Depression: Is a state of low mood and a version to activity that can affect someone's thoughts, behaviour, feelings and sense of wellbeing. 
The most common causes of depression usually are abuse, meditation, conflict, death or loss, genetics, substance abuse and serious illness. There are also different types of depression, Major, chronic, atypical, postpartum manic/bipolar, seasonal, psychotic and treatment resistant. 
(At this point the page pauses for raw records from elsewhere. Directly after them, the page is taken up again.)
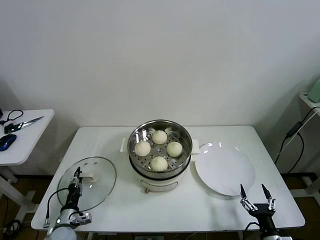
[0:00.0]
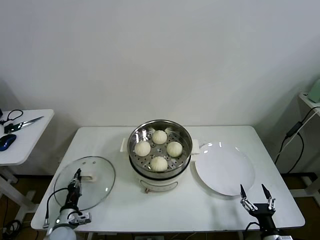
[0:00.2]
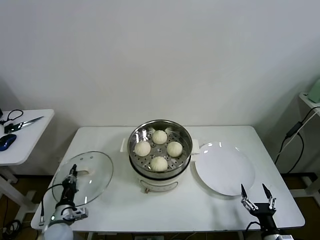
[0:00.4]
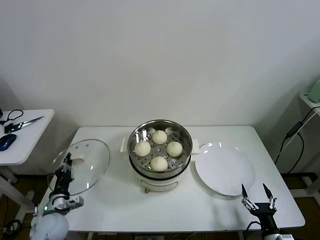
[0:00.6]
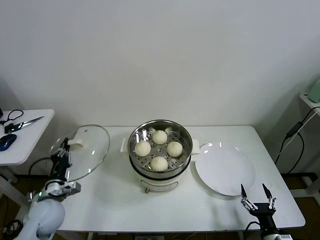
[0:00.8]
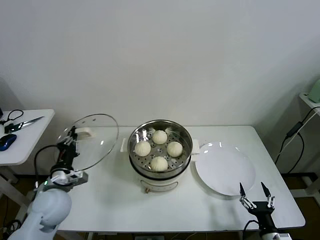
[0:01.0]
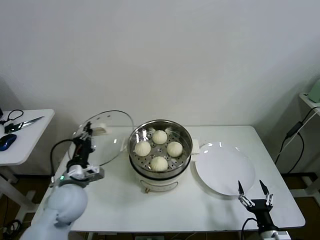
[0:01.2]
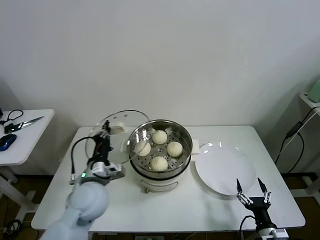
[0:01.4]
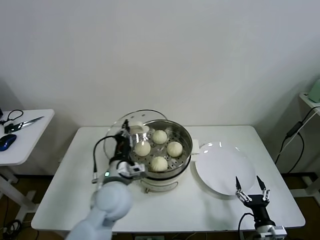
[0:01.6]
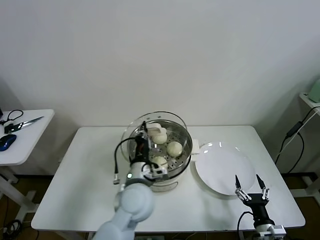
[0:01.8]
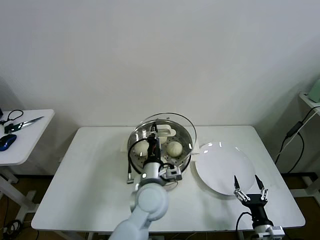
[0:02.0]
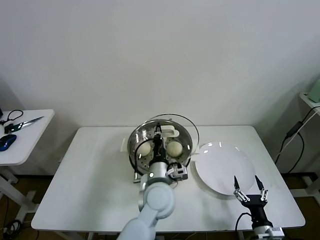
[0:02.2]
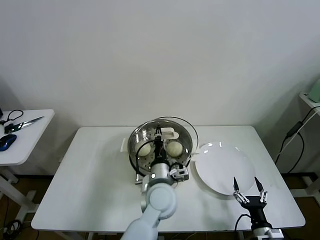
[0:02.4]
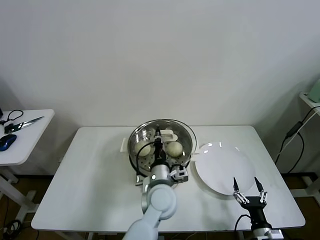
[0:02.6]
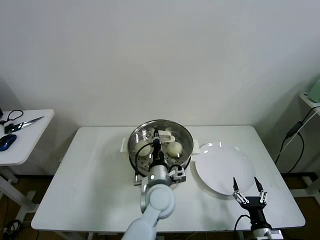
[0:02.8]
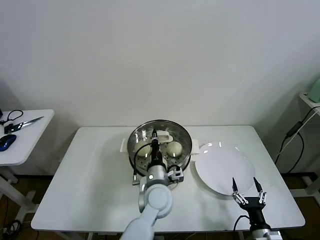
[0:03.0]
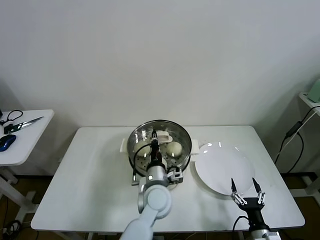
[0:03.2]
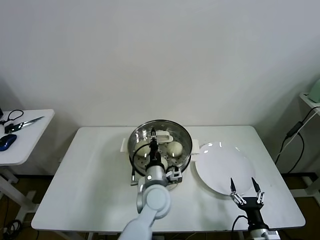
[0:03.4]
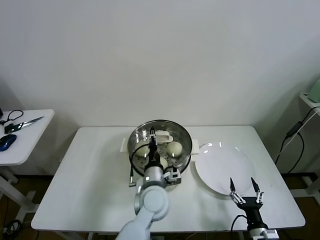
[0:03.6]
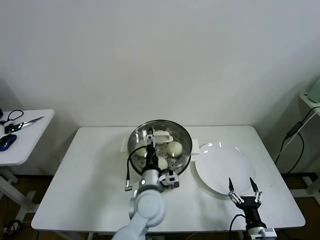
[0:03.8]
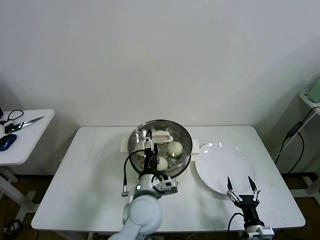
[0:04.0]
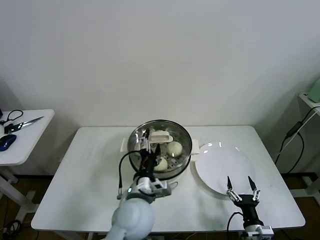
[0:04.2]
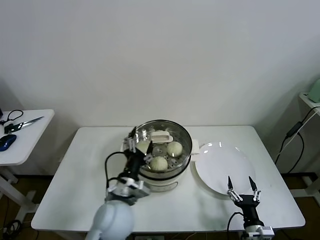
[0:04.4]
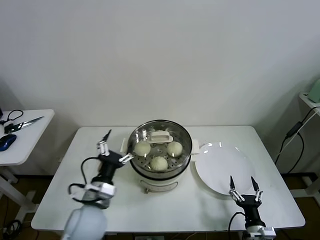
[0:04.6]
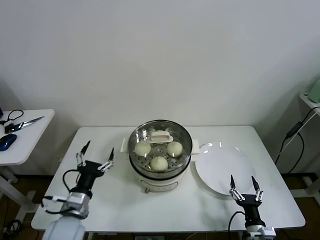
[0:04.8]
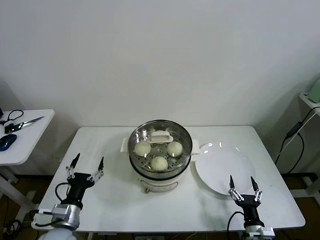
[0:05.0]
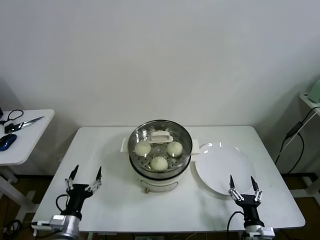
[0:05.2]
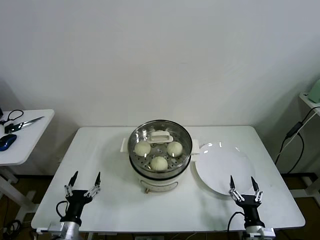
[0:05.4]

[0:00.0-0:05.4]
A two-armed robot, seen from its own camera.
Task of the whole recording: take steamed baozi put them in steamer then cover it.
Step, 0:00.4 to 0:03.4: Place the pot lid on the steamer with left gripper.
0:00.0 to 0:01.4: The left gripper moves upward and to the right, approximately 30 cm, and closes up.
0:01.4 to 0:02.8: The left gripper shifts some 20 cm to the right.
0:02.8 to 0:04.0: The left gripper ends up about 5 cm from where it was, and opens its fingers.
0:04.0 to 0:05.4: The left gripper heads to the left, backward and downward, covering about 30 cm.
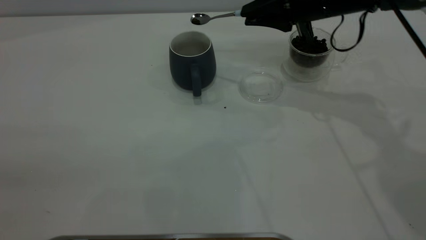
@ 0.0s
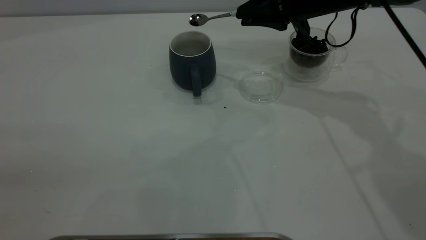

Major depression: A constant sense of hopelessness and despair is a sign you might have major depression. Symptoms include difficulty in working, studying, sleeping, eating, and enjoying friends and families company. Chronic depression: Chronic depression also known as dysthymia is a mild form of depression, it is a less severe form than major depression and has fewer symptoms. The depression symptoms can linger for longer periods of time often 2 years or longer. Atypical depression: Is a subtype of major and/or dysthymic depression that involves increased appetite or weight gain, sleepiness or excessive sleep and feeling of extreme sensitivity to rejection. Postpartum depression: Is a complex mix of physical, emotional and behavioural changes that happen in women after giving birth. PPD is a form of major depression that has its onset within four weeks after delivery. It's not just based on the length of time between delivery and onset but also on the severity of the depression. Manic/bipolar depression: Bipolar disorder was formally known as manic depression. It is a form of major affective disorder or mood disorder defined by manic or hyper-manic episodes. It is also often involves sleeplessness, hallucinations, psychosis and paranoid rage. Seasonal depression: Also known as seasonal affective disorder (SAD). Seasonal depression is a mood disorder that happens every year at the same time. Seasonal depression generally starts in fall/autumn/winter and ends in spring or early summer. Psychotic depression: Is a subtype of major depression that occurs when a severe depressive illness includes some form of psychosis. The psychosis could be hallucinations, delusions, worthlessness, failure or having some other break from reality. Treatment resistant depression: Also known as refractory depression is a type of depression that unfortunately is where depression treatments don't work, it occurs in two thirds of people with depression that haven't  had any effect by the first amount of anti-depressants that they try. 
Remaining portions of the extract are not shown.